The study identifies 28 distinct corynebacterial species from clinical isolates and highlights potential novel species and high antimicrobial resistance.

## Key findings

- 56 isolates belonged to 28 distinct corynebacterial species, with 13 showing ambiguous species identification.
- Two isolates may represent novel species due to low ANI to known genomes.
- High antimicrobial resistance was observed, particularly against clindamycin, penicillin, and ciprofloxacin.

## Abstract

Corynebacterium is a widespread and abundant bacterial genus on human skin. Occasionally, corynebacteria are isolated from clinical specimens associated with infection. In this study, 56 bacterial isolates were examined. These isolates were obtained from 52 patients with diverse infections such as keratitis, osteitis/osteomyelitis, mastitis, (suspected) foreign body associated infections (spine, prosthetic joint), suspected meningitis, post-operative infections, among others. These isolates were identified as corynebacteria by MALDI-TOF mass spectrometry but could not be reliably assigned to a specific species. To resolve this issue, the isolates were genome-sequenced, and species identification was done with different approaches, including digital DNA–DNA hybridization, phylogenomic tree placement and Average Nucleotide Identity (ANI) calculations. A subset of 34 strains was further investigated by biochemical characterization and antimicrobial susceptibility testing (AST).
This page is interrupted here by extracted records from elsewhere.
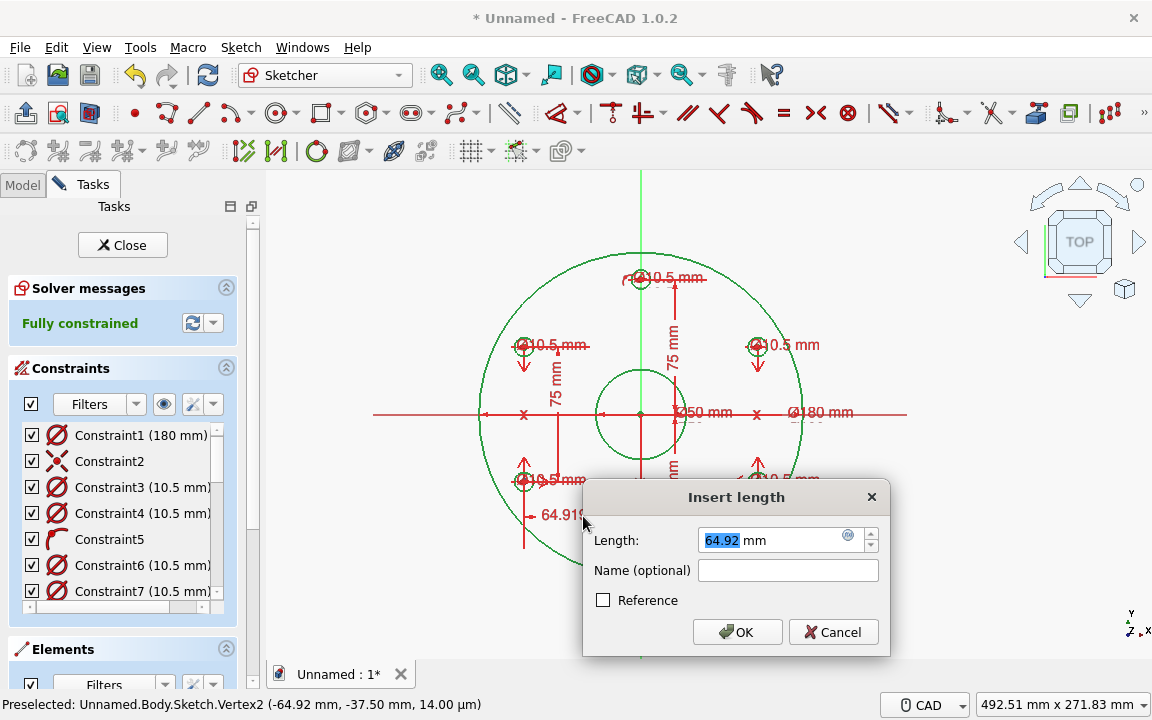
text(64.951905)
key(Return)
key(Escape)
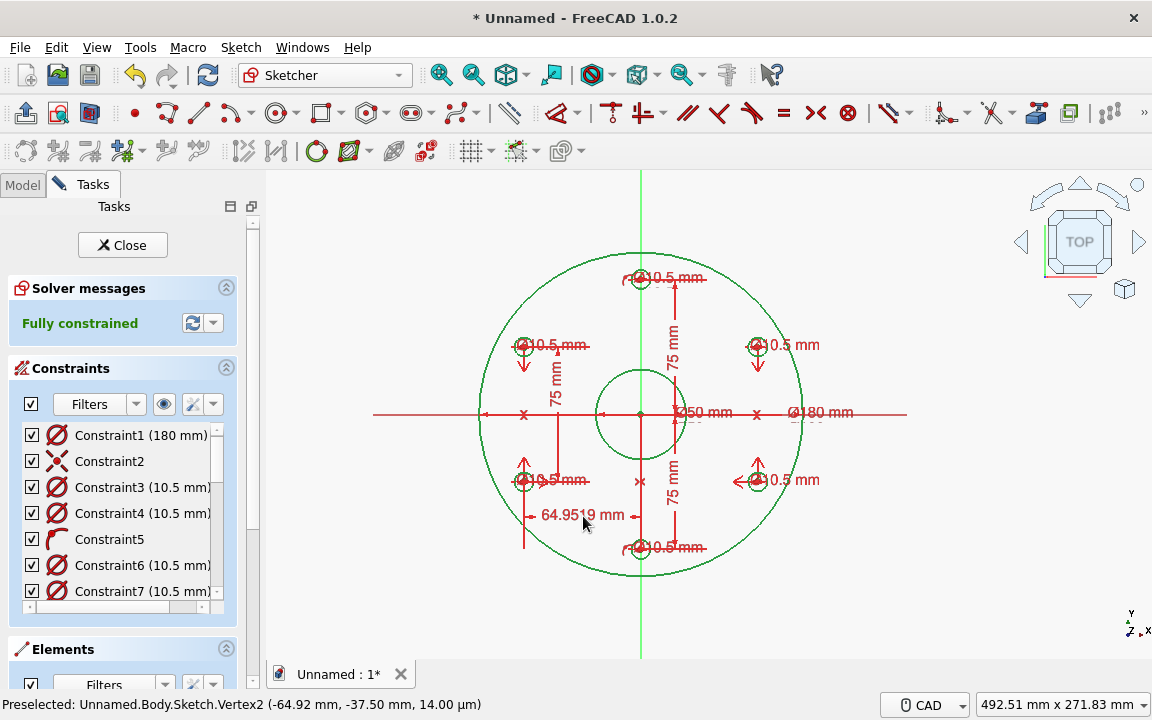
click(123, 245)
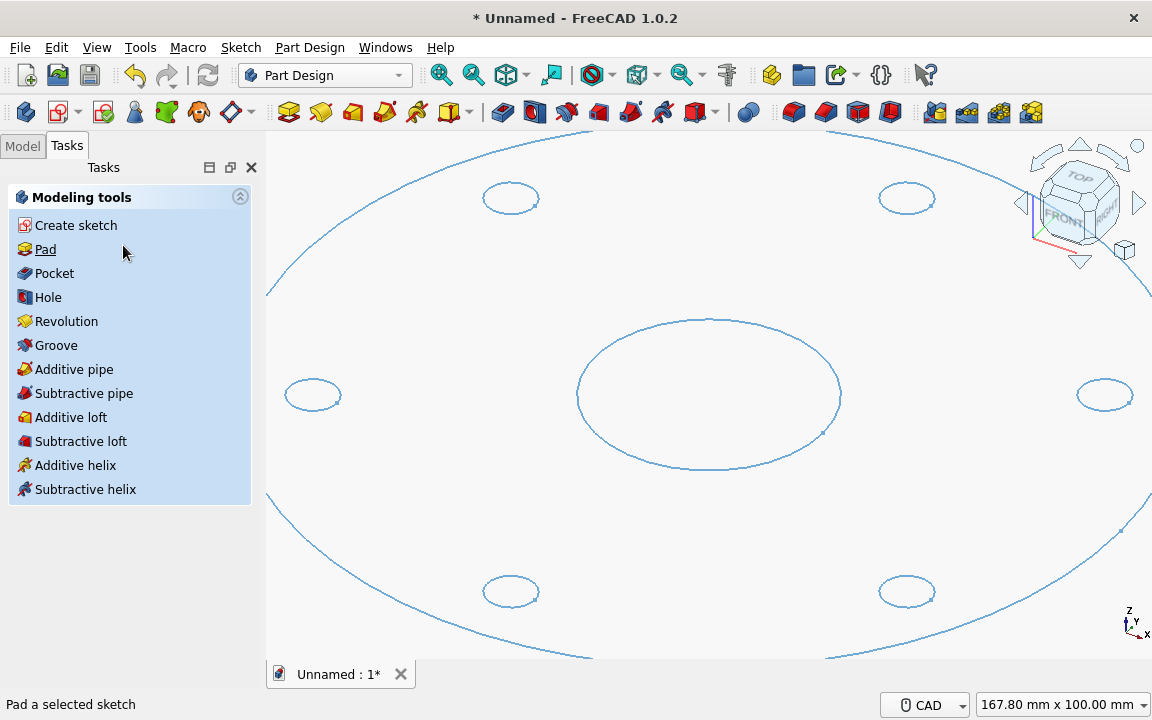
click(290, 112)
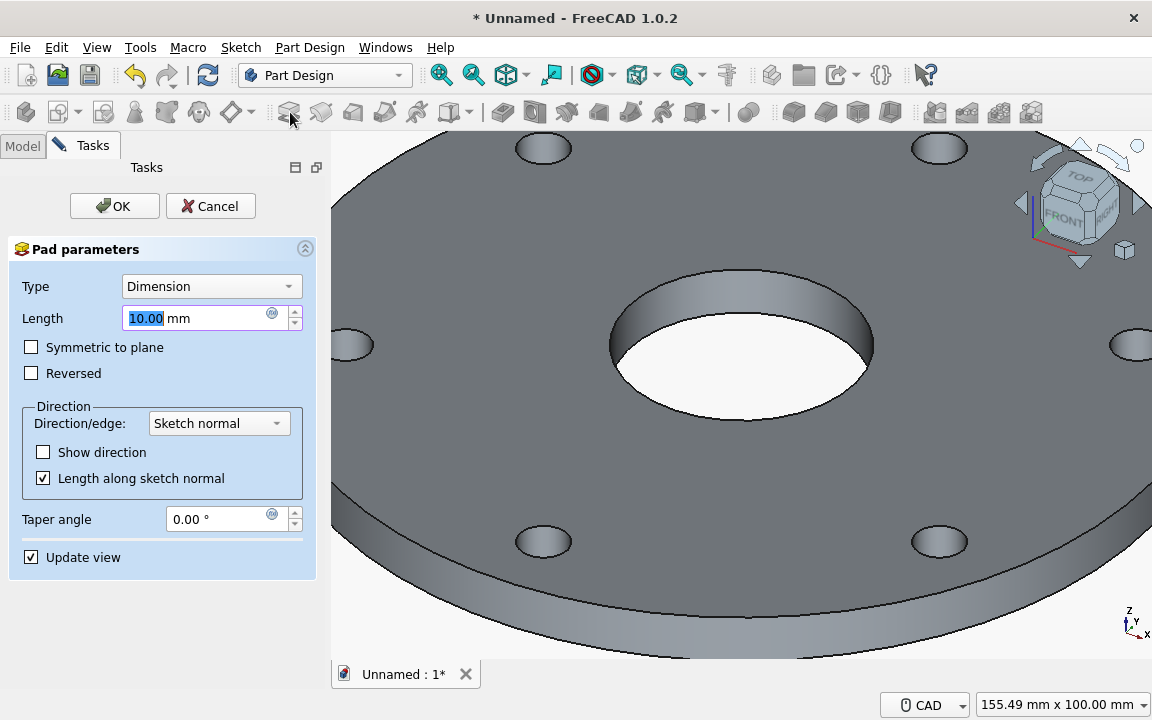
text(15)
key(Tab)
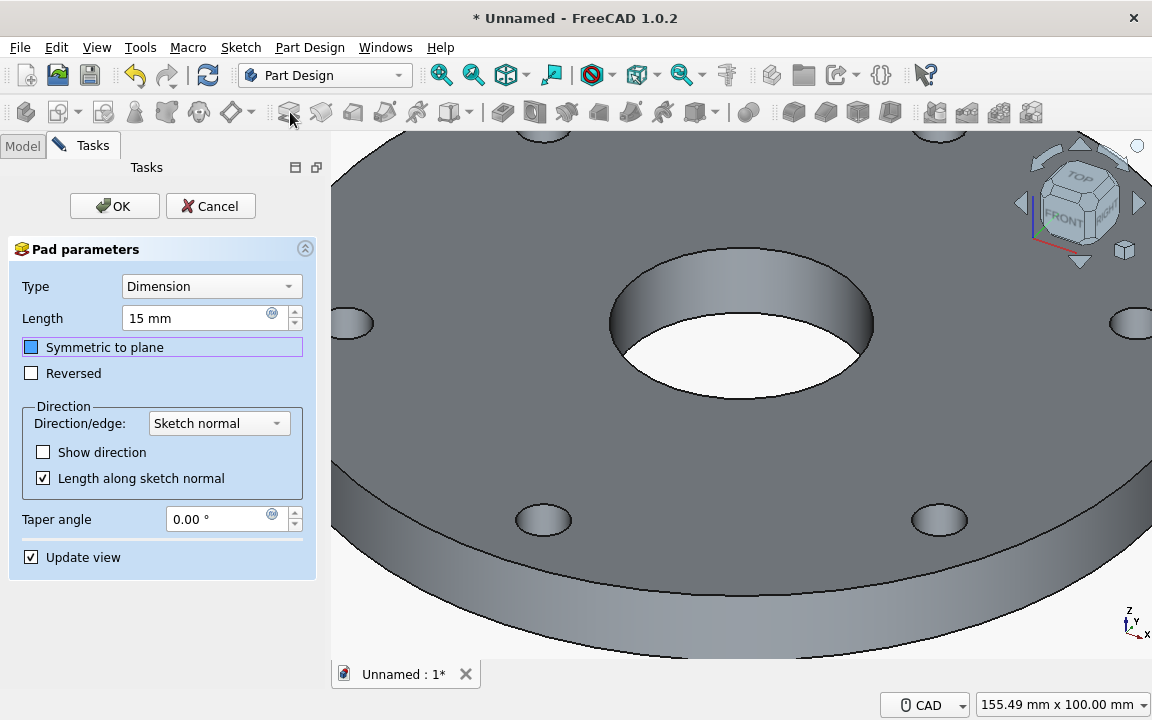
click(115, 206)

The 56 isolates belonged to 28 distinct corynebacterial species. Species identification was particularly ambiguous for 13 isolates as the ANIs were below 95% to the closest identified reference genomes. Two isolates represented potentially novel species, since no close relative could be identified (ANI < 90%). The majority of isolates belonged to the Corynebacterium marquesiae/tuberculostearicum (n = 10) and Corynebacterium kroppenstedtii/parakroppenstedtii (n = 9) complexes. Biochemical tests and AST revealed species- and strain-level variability. AST demonstrated extensive antimicrobial resistance (AMR), particularly among C. marquesiae, C. tuberculostearicum, C. lehmanniae, C. hesseae and C. resistens, with resistances observed against penicillin, clindamycin, ciprofloxacin, and rifampin. Resistance was frequently associated with acquired AMR genes, such as erm(X), tet(W) and genes encoding aminoglycoside-modifying enzymes. Among the tested antibiotics, clindamycin resistance was most common, detected in 23 of 34 tested strains (64.7%).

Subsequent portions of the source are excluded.